The problem => Report the count of lines below that include "instances", without any other text.

Material for this task =>
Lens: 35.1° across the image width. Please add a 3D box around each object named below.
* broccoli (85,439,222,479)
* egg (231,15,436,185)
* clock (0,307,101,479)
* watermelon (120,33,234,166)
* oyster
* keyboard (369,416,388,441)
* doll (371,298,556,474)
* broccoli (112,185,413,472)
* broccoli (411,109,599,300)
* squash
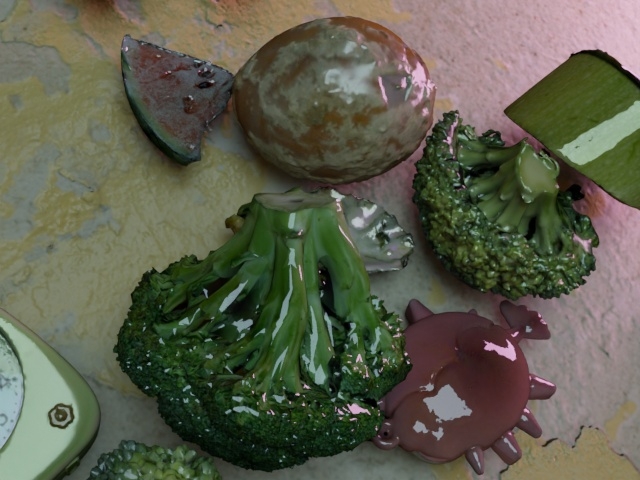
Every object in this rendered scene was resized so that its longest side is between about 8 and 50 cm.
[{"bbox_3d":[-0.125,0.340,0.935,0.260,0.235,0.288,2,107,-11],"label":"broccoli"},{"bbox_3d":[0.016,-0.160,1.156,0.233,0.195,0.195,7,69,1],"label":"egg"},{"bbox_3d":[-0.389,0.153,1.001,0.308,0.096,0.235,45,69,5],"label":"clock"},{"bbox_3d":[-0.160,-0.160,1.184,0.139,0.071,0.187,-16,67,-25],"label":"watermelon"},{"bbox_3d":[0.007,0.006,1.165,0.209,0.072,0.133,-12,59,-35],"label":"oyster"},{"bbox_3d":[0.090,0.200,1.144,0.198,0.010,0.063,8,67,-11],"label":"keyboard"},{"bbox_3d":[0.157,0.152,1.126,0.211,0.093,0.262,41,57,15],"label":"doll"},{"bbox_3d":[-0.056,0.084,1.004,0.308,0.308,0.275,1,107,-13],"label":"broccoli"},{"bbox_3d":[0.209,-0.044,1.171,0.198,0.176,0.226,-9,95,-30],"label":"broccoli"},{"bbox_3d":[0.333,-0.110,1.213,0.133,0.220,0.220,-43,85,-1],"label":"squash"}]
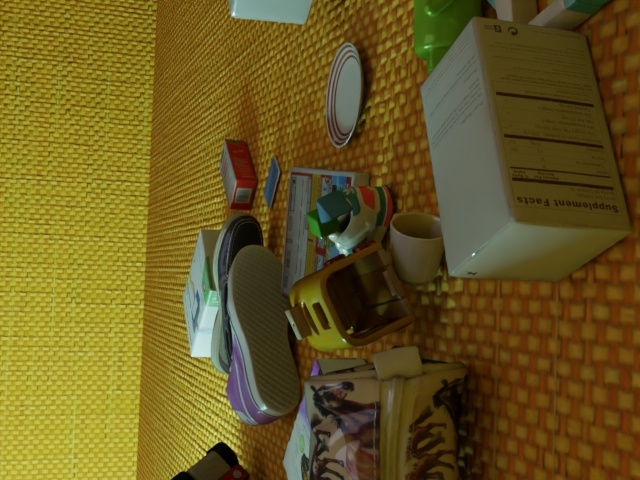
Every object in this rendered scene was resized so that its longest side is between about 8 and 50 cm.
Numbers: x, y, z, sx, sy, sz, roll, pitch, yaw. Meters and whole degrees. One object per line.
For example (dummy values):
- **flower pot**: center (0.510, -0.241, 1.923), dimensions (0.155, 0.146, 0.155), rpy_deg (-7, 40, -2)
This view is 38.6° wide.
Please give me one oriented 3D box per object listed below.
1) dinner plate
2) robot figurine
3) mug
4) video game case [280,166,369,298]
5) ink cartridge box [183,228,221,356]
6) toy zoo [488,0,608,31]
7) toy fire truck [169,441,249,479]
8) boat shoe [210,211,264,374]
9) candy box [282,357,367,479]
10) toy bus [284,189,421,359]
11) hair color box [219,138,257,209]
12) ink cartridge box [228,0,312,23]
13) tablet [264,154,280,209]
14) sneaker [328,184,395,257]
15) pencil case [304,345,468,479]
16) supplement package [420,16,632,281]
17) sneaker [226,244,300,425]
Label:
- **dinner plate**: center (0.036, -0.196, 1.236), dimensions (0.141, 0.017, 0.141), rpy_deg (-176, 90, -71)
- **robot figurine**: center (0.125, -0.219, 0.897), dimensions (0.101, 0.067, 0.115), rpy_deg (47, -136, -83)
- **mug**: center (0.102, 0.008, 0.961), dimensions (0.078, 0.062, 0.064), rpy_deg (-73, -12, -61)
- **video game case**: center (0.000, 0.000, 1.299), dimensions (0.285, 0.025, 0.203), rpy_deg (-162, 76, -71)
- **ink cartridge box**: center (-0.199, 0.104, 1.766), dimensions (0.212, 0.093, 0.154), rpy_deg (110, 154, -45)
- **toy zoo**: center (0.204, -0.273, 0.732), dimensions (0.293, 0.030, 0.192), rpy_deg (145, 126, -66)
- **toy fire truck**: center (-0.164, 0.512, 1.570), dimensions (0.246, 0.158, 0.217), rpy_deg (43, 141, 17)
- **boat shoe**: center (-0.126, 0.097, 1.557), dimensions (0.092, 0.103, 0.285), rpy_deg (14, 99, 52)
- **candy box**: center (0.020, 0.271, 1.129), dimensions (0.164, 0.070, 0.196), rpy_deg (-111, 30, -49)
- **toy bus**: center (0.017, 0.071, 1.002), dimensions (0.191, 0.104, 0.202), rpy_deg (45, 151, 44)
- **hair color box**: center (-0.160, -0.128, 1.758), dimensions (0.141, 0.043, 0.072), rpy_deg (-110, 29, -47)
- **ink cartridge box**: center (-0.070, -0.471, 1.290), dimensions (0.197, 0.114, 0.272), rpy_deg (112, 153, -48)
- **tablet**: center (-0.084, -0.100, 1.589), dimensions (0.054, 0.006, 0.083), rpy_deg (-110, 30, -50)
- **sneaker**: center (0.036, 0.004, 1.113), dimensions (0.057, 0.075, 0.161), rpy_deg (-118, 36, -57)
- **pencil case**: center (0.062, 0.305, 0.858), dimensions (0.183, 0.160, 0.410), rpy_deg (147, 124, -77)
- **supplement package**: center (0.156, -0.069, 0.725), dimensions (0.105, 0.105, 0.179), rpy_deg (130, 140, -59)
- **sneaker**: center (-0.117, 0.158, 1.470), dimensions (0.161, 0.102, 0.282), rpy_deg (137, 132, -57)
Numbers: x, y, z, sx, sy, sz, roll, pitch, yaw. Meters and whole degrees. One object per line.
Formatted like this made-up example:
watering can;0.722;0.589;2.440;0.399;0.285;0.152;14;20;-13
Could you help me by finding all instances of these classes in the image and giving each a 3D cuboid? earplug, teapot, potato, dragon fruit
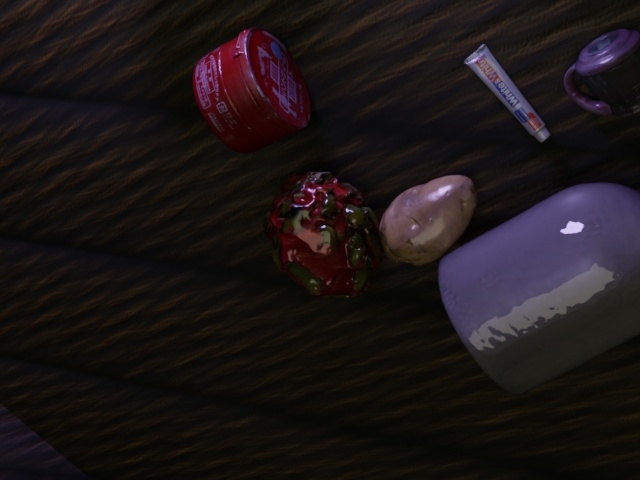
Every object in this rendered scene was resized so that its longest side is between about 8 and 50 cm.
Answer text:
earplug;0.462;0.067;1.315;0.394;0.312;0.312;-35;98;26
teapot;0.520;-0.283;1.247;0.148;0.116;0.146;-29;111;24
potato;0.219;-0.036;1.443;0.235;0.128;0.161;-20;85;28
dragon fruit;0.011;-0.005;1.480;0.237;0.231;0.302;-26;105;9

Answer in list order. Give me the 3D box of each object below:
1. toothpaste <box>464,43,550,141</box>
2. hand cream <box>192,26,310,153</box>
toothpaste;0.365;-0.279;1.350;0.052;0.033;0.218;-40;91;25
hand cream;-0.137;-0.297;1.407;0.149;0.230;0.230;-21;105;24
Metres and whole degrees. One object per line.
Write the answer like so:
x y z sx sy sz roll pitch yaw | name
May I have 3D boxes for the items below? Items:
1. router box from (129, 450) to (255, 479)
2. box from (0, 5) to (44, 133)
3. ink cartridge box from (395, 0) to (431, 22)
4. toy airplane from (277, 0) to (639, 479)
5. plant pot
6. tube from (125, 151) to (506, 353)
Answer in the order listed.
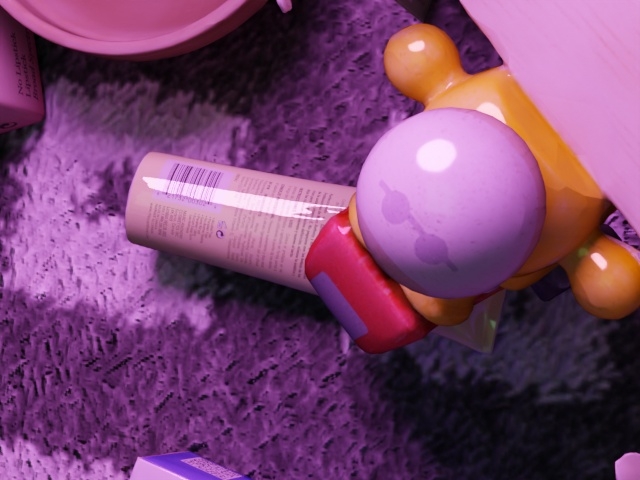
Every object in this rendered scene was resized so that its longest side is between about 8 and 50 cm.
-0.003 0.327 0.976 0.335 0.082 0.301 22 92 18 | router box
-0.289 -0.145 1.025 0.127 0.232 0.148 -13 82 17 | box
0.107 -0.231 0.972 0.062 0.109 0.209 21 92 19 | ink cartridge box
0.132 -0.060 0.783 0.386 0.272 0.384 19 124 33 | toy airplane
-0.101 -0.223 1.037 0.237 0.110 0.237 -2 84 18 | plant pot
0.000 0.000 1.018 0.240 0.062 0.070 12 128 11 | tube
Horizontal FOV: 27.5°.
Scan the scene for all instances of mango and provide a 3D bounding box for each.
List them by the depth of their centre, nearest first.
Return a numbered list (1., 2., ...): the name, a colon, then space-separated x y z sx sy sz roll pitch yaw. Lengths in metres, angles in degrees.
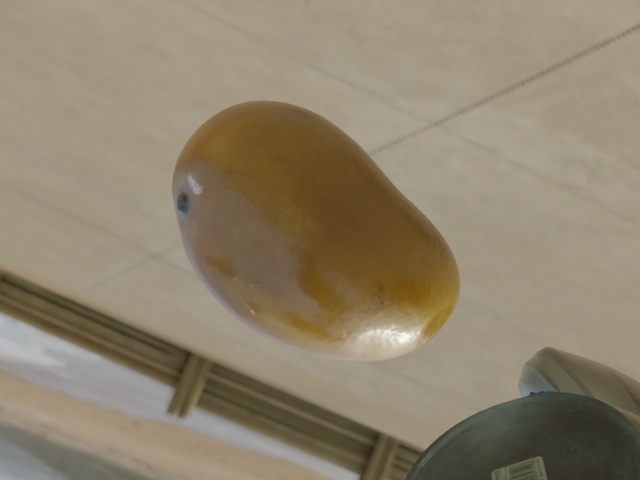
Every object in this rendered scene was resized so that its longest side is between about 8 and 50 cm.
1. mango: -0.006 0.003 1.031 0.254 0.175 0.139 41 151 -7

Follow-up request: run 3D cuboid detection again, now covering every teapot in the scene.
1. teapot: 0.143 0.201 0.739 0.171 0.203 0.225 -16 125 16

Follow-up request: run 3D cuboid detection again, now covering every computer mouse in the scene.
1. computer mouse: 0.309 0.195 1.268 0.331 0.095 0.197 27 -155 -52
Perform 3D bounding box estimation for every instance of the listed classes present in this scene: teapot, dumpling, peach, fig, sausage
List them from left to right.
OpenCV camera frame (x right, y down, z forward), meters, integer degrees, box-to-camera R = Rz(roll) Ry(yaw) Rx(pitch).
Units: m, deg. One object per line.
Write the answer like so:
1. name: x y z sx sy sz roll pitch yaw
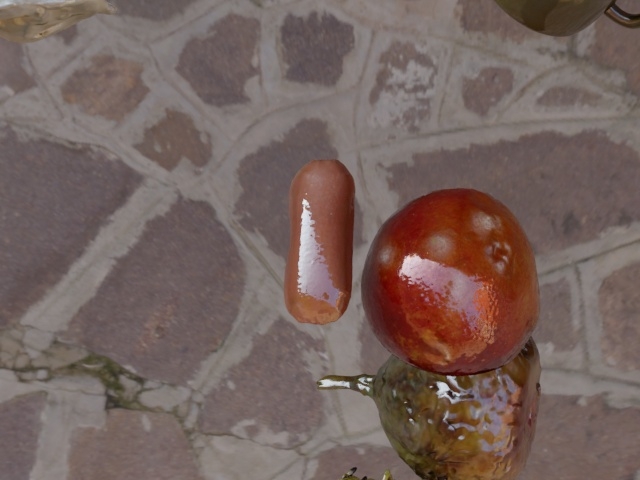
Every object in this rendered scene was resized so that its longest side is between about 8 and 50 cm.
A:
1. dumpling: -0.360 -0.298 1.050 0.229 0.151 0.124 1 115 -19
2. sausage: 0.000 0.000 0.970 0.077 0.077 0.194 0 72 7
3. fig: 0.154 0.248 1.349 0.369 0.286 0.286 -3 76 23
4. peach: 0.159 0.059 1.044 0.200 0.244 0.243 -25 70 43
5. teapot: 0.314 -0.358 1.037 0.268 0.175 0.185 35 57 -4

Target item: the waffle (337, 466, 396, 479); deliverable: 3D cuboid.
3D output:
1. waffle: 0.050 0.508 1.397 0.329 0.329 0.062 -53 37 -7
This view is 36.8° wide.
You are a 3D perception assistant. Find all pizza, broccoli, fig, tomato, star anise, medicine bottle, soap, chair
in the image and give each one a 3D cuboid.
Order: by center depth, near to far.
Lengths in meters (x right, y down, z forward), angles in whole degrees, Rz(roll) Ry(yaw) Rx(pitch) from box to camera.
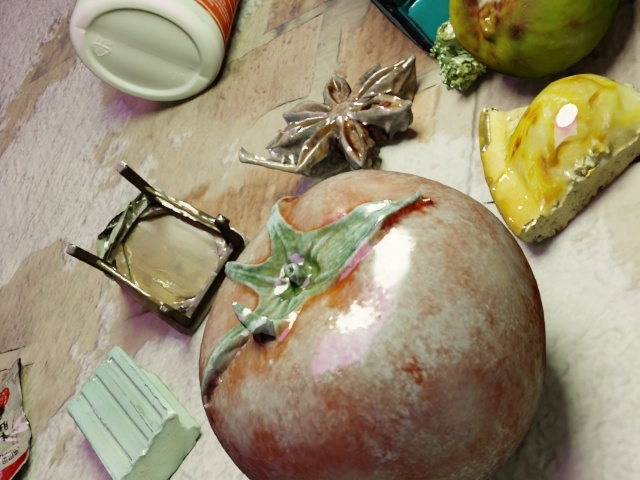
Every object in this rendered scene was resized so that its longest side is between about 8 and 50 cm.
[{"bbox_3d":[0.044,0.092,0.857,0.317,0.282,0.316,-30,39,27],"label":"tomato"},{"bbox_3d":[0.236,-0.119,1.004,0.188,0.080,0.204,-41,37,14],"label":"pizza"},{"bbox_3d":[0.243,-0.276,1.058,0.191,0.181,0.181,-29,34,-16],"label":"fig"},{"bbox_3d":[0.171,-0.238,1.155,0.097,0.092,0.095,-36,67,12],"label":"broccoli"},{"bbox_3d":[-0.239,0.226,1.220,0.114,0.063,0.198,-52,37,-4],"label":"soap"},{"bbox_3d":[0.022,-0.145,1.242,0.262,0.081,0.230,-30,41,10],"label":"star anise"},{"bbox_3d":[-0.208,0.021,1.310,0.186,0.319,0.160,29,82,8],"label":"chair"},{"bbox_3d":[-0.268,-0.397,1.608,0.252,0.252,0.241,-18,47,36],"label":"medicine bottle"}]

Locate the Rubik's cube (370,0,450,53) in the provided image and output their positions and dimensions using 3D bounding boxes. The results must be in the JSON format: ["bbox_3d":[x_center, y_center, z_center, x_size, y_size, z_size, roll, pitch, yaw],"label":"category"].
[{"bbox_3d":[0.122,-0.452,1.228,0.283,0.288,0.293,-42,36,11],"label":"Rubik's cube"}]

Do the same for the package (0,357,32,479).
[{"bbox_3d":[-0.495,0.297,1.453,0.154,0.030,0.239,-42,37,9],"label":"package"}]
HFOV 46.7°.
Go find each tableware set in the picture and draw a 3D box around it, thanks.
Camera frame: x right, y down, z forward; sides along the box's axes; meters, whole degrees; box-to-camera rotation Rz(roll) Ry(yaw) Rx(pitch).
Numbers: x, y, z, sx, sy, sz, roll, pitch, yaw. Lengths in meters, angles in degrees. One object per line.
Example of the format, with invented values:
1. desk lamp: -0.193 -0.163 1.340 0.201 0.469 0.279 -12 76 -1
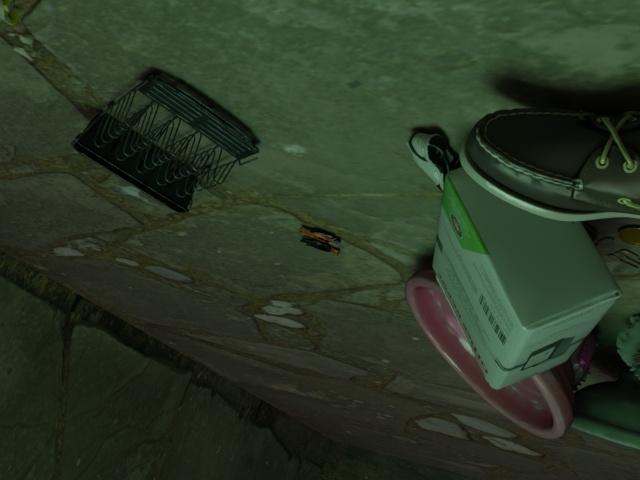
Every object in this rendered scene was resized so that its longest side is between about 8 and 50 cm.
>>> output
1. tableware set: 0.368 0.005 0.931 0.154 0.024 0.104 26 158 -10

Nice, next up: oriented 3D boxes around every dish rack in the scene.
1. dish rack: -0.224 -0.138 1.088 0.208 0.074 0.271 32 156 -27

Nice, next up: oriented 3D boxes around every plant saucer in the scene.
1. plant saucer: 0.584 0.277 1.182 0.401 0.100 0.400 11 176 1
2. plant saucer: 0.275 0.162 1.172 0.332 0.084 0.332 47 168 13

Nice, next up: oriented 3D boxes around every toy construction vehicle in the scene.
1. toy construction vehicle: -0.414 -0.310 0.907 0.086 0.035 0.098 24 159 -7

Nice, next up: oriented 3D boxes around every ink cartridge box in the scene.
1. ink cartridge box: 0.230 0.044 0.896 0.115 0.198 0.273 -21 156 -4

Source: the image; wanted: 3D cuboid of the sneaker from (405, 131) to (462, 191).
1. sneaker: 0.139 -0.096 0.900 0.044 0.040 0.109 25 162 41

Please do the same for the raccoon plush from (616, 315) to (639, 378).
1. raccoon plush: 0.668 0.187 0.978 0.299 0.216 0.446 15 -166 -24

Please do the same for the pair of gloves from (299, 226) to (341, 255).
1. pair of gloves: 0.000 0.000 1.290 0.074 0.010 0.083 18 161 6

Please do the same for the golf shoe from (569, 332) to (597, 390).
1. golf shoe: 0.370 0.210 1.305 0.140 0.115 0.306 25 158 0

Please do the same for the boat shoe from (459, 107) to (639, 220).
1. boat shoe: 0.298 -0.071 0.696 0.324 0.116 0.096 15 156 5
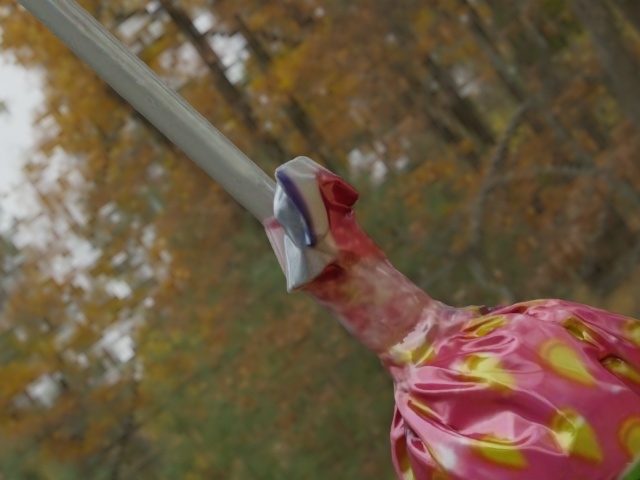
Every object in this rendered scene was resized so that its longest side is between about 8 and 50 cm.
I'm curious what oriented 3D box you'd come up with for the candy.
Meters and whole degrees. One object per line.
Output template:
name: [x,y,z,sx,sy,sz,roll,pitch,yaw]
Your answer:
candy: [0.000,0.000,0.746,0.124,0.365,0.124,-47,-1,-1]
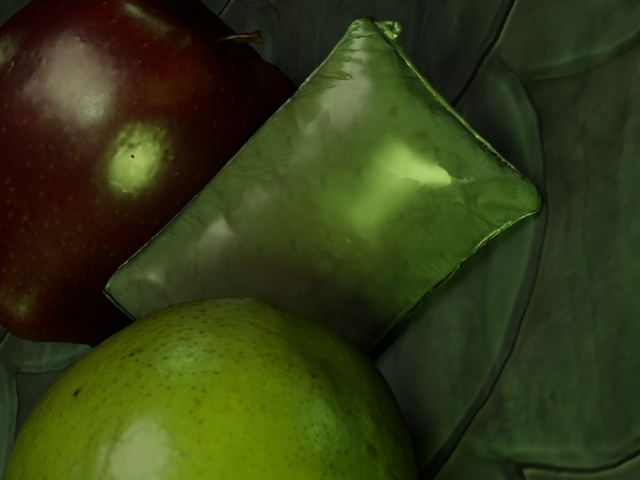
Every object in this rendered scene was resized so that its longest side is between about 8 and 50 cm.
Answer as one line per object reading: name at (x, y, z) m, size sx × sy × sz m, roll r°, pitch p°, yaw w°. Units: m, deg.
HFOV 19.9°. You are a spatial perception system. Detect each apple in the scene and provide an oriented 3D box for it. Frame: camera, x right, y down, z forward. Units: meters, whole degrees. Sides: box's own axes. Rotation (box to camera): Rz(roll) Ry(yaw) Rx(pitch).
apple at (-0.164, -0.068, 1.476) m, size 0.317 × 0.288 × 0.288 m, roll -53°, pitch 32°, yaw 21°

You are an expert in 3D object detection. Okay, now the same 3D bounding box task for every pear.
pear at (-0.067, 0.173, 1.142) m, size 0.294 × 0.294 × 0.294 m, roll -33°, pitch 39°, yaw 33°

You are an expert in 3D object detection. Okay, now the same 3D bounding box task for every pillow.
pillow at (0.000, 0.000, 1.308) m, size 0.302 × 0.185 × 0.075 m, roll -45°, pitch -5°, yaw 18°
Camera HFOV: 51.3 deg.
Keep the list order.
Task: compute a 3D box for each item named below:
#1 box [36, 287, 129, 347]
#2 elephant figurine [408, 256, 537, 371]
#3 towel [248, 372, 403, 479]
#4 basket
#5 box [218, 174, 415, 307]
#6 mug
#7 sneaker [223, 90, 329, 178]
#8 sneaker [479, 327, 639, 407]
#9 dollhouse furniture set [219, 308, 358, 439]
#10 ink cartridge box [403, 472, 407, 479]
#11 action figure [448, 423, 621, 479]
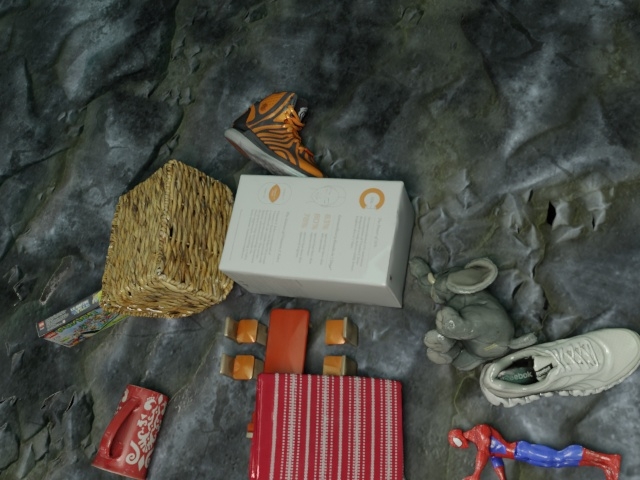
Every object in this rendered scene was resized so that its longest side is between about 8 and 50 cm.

Problem solution => 2